**Activity**:
Pictures excluded, copy every record that follows exactly as it appears.

**Items from a data source**:

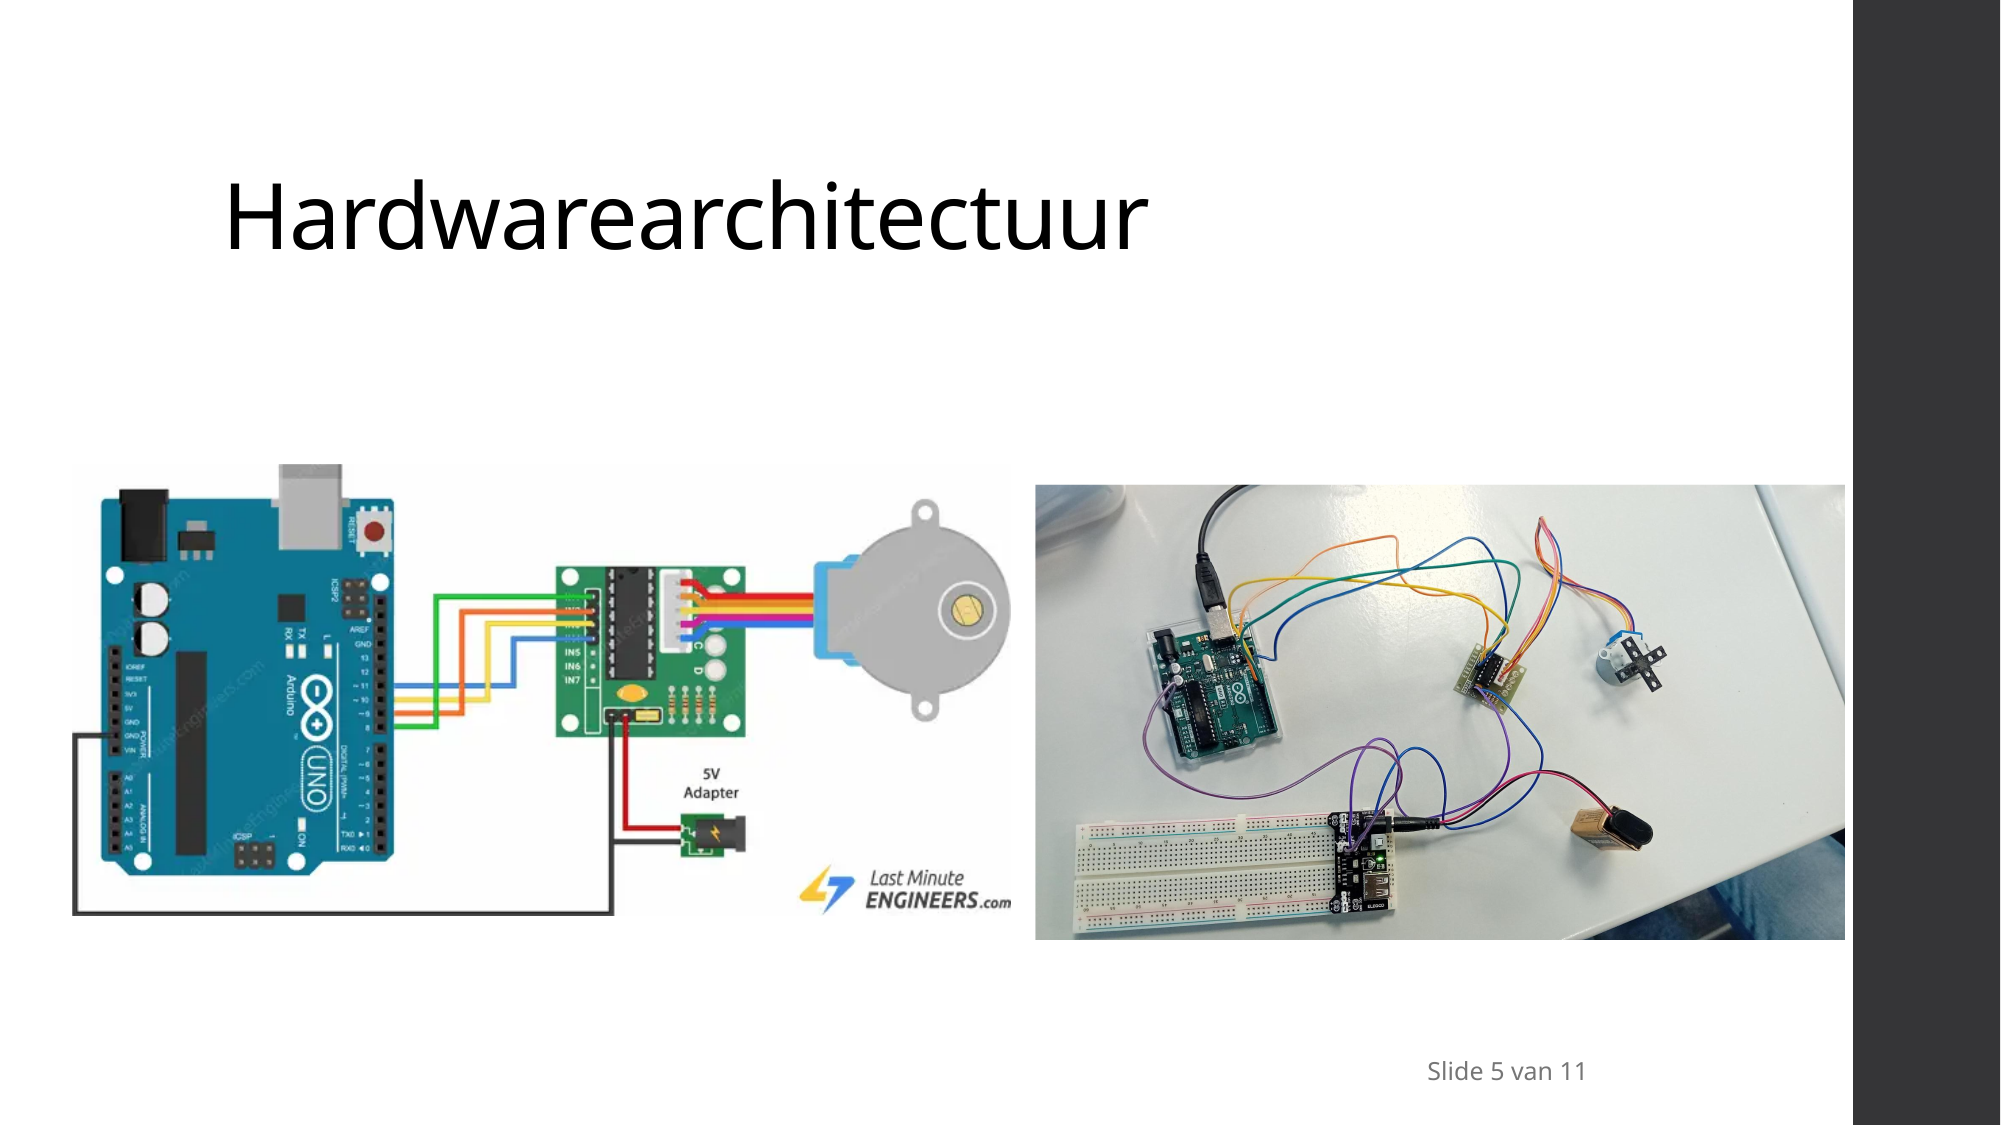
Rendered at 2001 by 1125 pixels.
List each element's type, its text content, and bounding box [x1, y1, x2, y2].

title Hardwarearchitectuur [206, 60, 1797, 278]
text_box Slide van 11 [1412, 1042, 1863, 1103]
picture [1035, 484, 1845, 941]
picture [72, 464, 1011, 916]
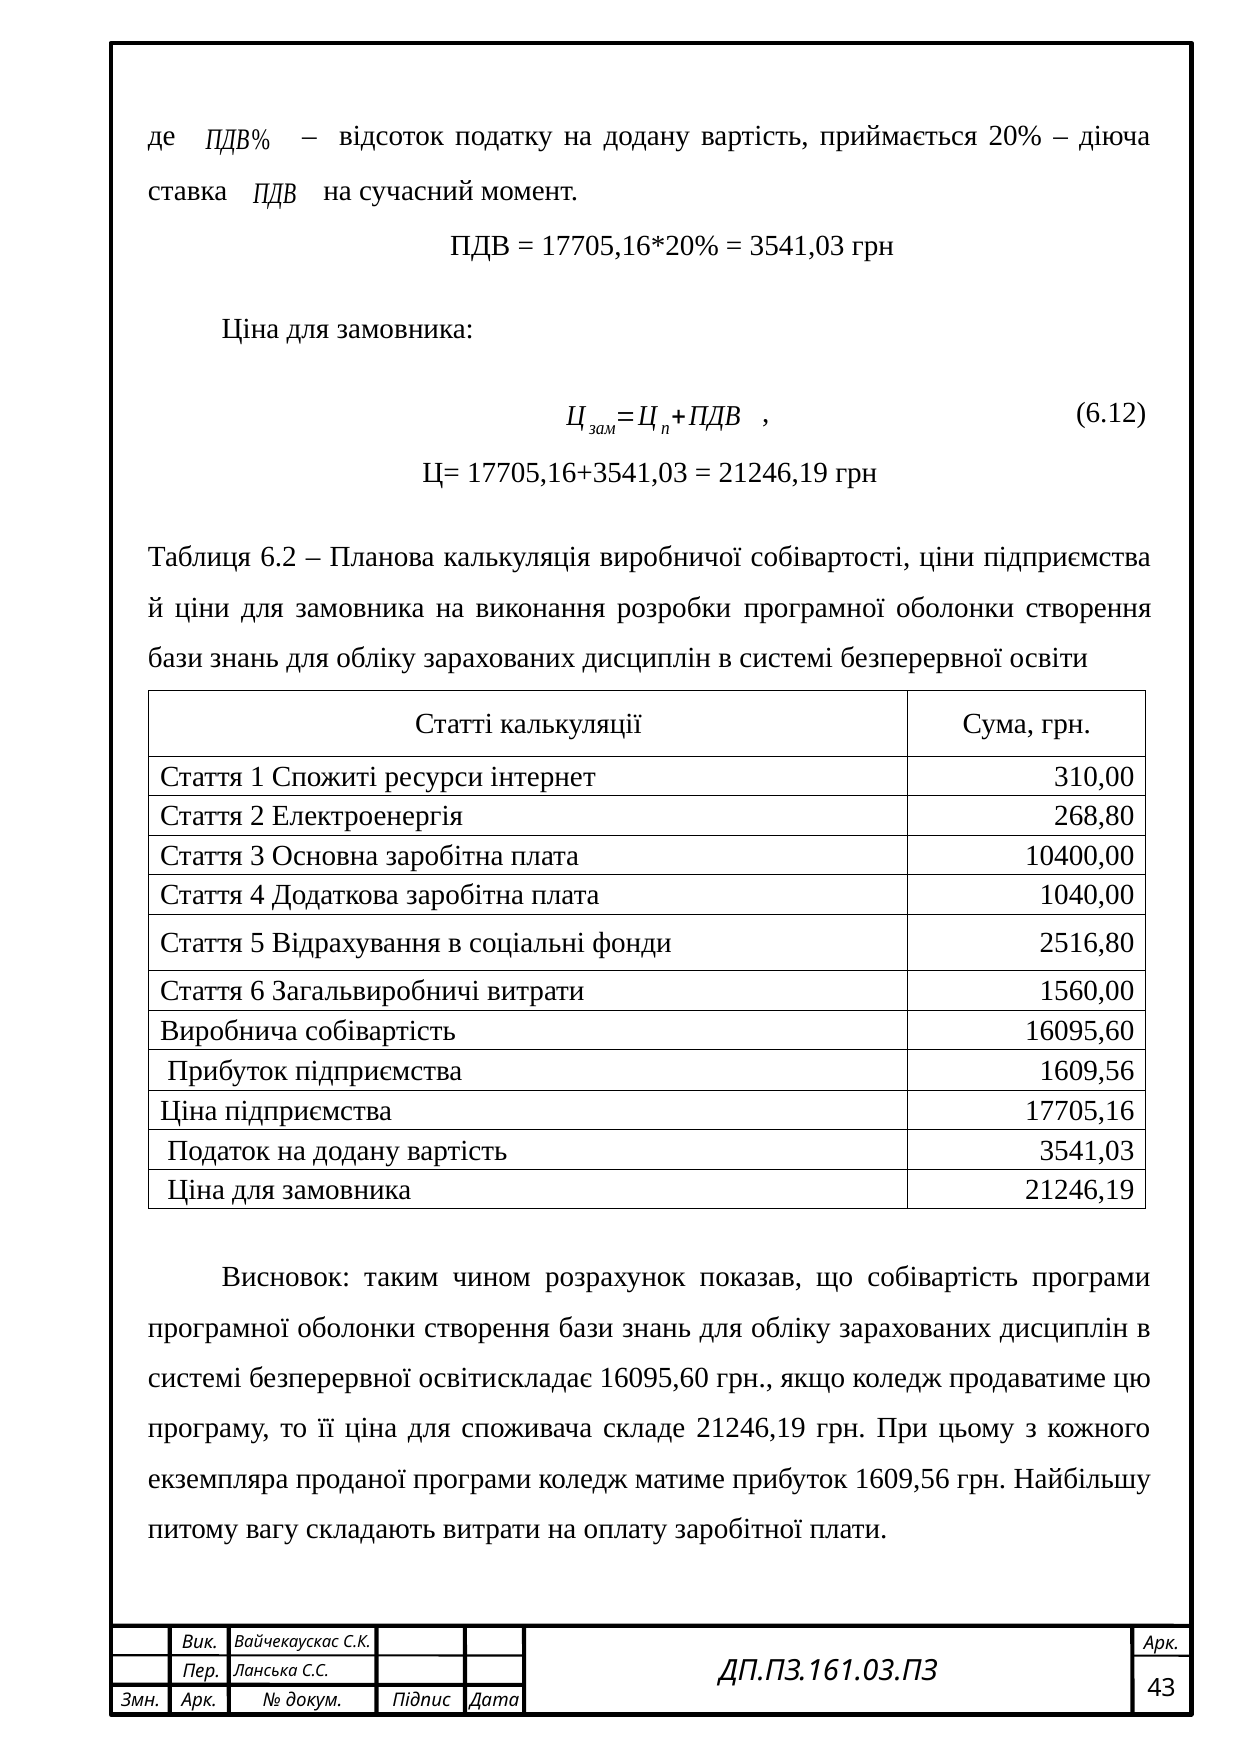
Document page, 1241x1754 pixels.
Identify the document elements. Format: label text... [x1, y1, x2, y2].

table_cell 268,80 [908, 796, 1145, 834]
table_cell Ціна для замовника [149, 1170, 907, 1208]
table_cell 16095,60 [908, 1011, 1145, 1049]
table_cell 1560,00 [908, 971, 1145, 1009]
table_header Статті калькуляції [149, 691, 907, 756]
table_cell Ціна підприємства [149, 1091, 907, 1129]
text Ціна для замовника: [148, 312, 1152, 345]
table_cell 17705,16 [908, 1091, 1145, 1129]
text Висновок: таким чином розрахунок показав, що собівартість програми програмної оболонки створення бази знань для обліку зарахованих дисциплін в системі безперервної освітискладає 16095,60 грн., якщо коледж продаватиме цю програму, то її ціна для споживача складе 21246,19 грн. При цьому з кожного екземпляра проданої програми коледж матиме прибуток 1609,56 грн. Найбільшу питому вагу складають витрати на оплату заробітної плати. [148, 1259, 1152, 1544]
text де – відсоток податку на додану вартість, приймається 20% – діюча ставка на сучасний момент. [148, 118, 1152, 211]
table_cell 10400,00 [908, 836, 1145, 874]
text ПДВ = 17705,16*20% = 3541,03 грн [148, 228, 1152, 261]
table_cell 1040,00 [908, 875, 1145, 913]
table_cell Стаття 1 Спожиті ресурси інтернет [149, 757, 907, 795]
table_cell Стаття 4 Додаткова заробітна плата [149, 875, 907, 913]
table_cell Прибуток підприємства [149, 1050, 907, 1090]
table_cell Стаття 5 Відрахування в соціальні фонди [149, 915, 907, 970]
table_cell Виробнича собівартість [149, 1011, 907, 1049]
table_cell 21246,19 [908, 1170, 1145, 1208]
table_cell Стаття 3 Основна заробітна плата [149, 836, 907, 874]
text Таблиця 6.2 – Планова калькуляція виробничої собівартості, ціни підприємства й ціни для замовника на виконання розробки програмної оболонки створення бази знань для обліку зарахованих дисциплін в системі безперервної освіти [148, 539, 1152, 674]
table_cell 2516,80 [908, 915, 1145, 970]
table_cell Податок на додану вартість [149, 1130, 907, 1169]
text , (6.12) [148, 396, 1152, 439]
table_cell Стаття 6 Загальвиробничі витрати [149, 971, 907, 1009]
table_header Сума, грн. [908, 691, 1145, 756]
text Ц= 17705,16+3541,03 = 21246,19 грн [148, 456, 1152, 489]
table_cell 3541,03 [908, 1130, 1145, 1169]
table_cell 310,00 [908, 757, 1145, 795]
table_cell 1609,56 [908, 1050, 1145, 1090]
table_cell Стаття 2 Електроенергія [149, 796, 907, 834]
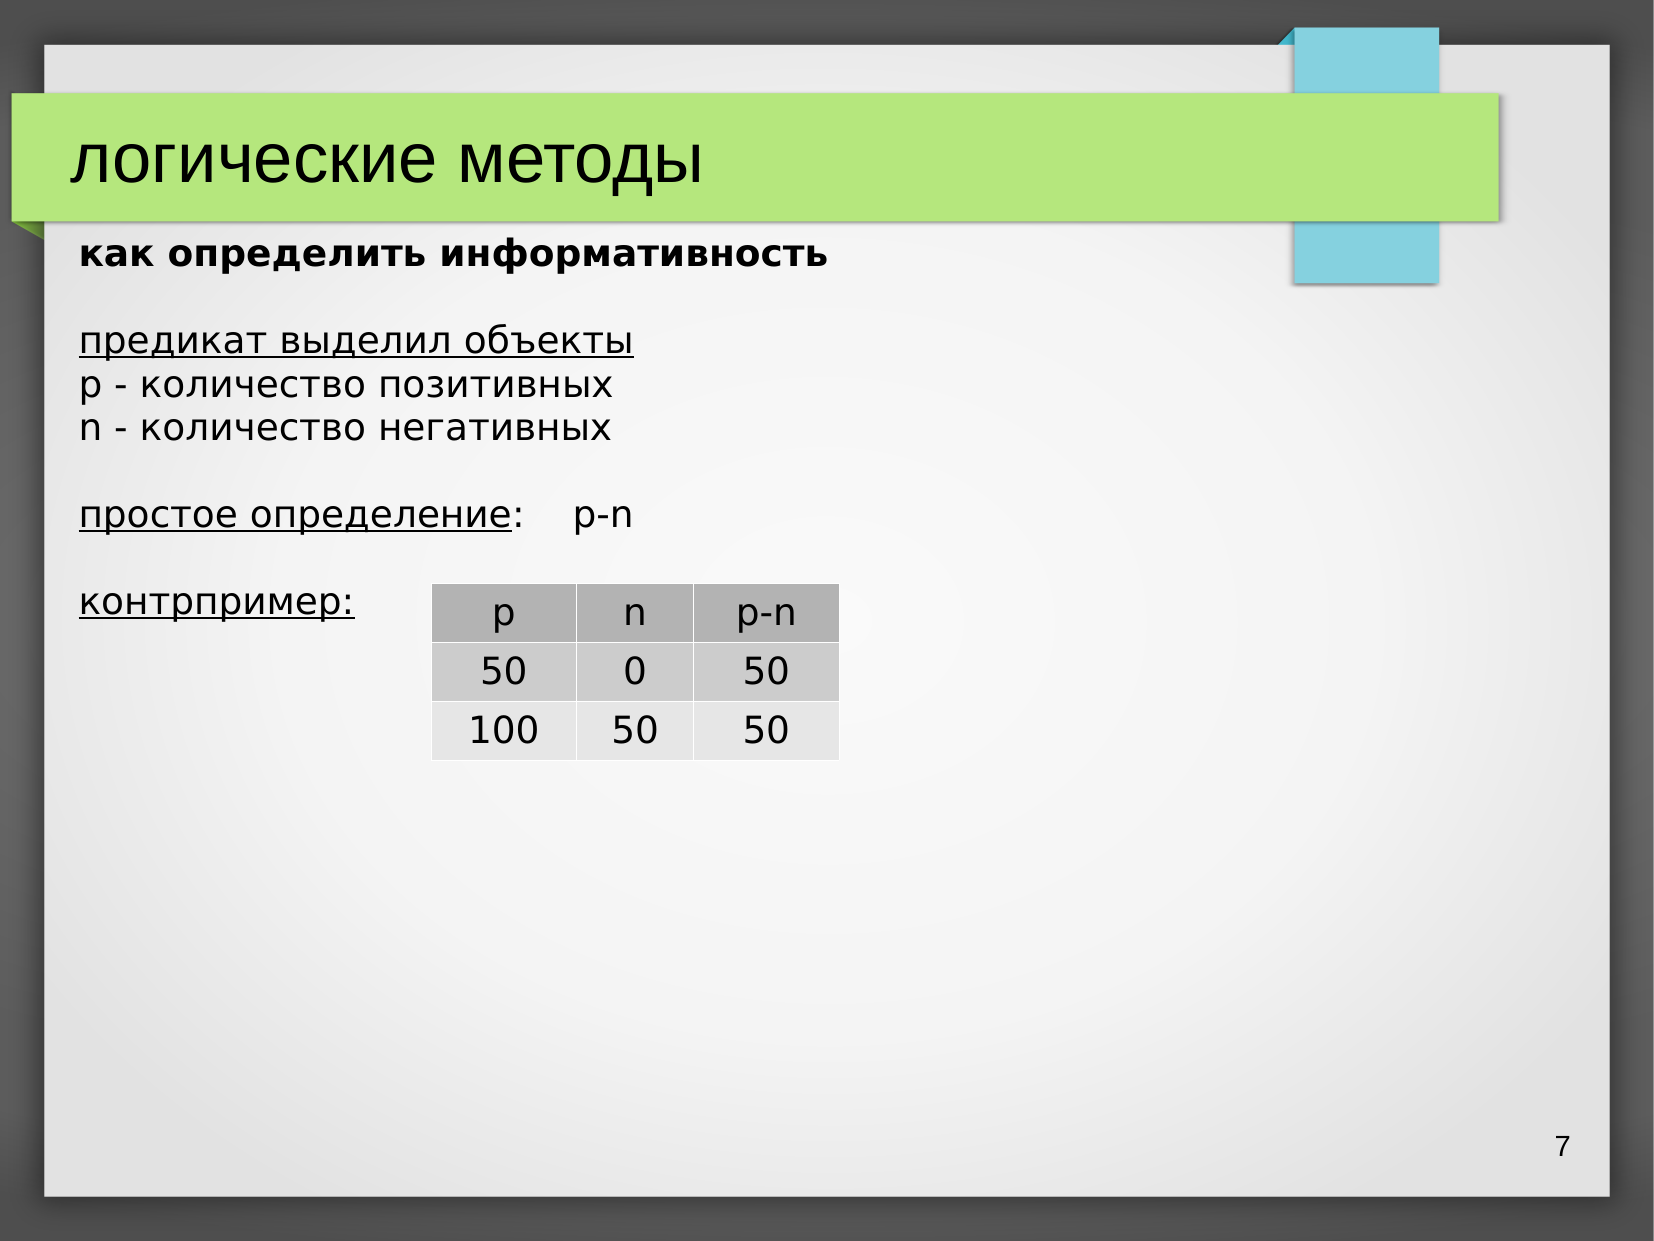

**Solved problem**:
Rendered at 2001 by 1125 pixels.
List each element's type, its text content, and bounding box [x1, y1, x2, y2].

title Hardwarearchitectuur [206, 60, 1797, 278]
text_box Slide van 11 [1412, 1042, 1863, 1103]
picture [1035, 484, 1845, 941]
picture [72, 464, 1011, 916]
Document page, 1241x1754 pixels.
Identify the document elements. Format: label text... [x1, y1, x2, y2].

table_cell 268,80 [908, 796, 1145, 834]
table_cell Ціна для замовника [149, 1170, 907, 1208]
table_cell 16095,60 [908, 1011, 1145, 1049]
table_cell 1560,00 [908, 971, 1145, 1009]
table_header Статті калькуляції [149, 691, 907, 756]
table_cell Ціна підприємства [149, 1091, 907, 1129]
text Ціна для замовника: [148, 312, 1152, 345]
table_cell 17705,16 [908, 1091, 1145, 1129]
text Висновок: таким чином розрахунок показав, що собівартість програми програмної оболонки створення бази знань для обліку зарахованих дисциплін в системі безперервної освітискладає 16095,60 грн., якщо коледж продаватиме цю програму, то її ціна для споживача складе 21246,19 грн. При цьому з кожного екземпляра проданої програми коледж матиме прибуток 1609,56 грн. Найбільшу питому вагу складають витрати на оплату заробітної плати. [148, 1259, 1152, 1544]
text де – відсоток податку на додану вартість, приймається 20% – діюча ставка на сучасний момент. [148, 118, 1152, 211]
table_cell 10400,00 [908, 836, 1145, 874]
text ПДВ = 17705,16*20% = 3541,03 грн [148, 228, 1152, 261]
table_cell 1040,00 [908, 875, 1145, 913]
table_cell Стаття 1 Спожиті ресурси інтернет [149, 757, 907, 795]
table_cell Стаття 4 Додаткова заробітна плата [149, 875, 907, 913]
table_cell Прибуток підприємства [149, 1050, 907, 1090]
table_cell Стаття 5 Відрахування в соціальні фонди [149, 915, 907, 970]
table_cell Виробнича собівартість [149, 1011, 907, 1049]
table_cell 21246,19 [908, 1170, 1145, 1208]
table_cell Стаття 3 Основна заробітна плата [149, 836, 907, 874]
text Таблиця 6.2 – Планова калькуляція виробничої собівартості, ціни підприємства й ціни для замовника на виконання розробки програмної оболонки створення бази знань для обліку зарахованих дисциплін в системі безперервної освіти [148, 539, 1152, 674]
table_cell 2516,80 [908, 915, 1145, 970]
table_cell Податок на додану вартість [149, 1130, 907, 1169]
text , (6.12) [148, 396, 1152, 439]
table_cell Стаття 6 Загальвиробничі витрати [149, 971, 907, 1009]
table_header Сума, грн. [908, 691, 1145, 756]
text Ц= 17705,16+3541,03 = 21246,19 грн [148, 456, 1152, 489]
table_cell 3541,03 [908, 1130, 1145, 1169]
table_cell 310,00 [908, 757, 1145, 795]
table_cell 1609,56 [908, 1050, 1145, 1090]
table_cell Стаття 2 Електроенергія [149, 796, 907, 834]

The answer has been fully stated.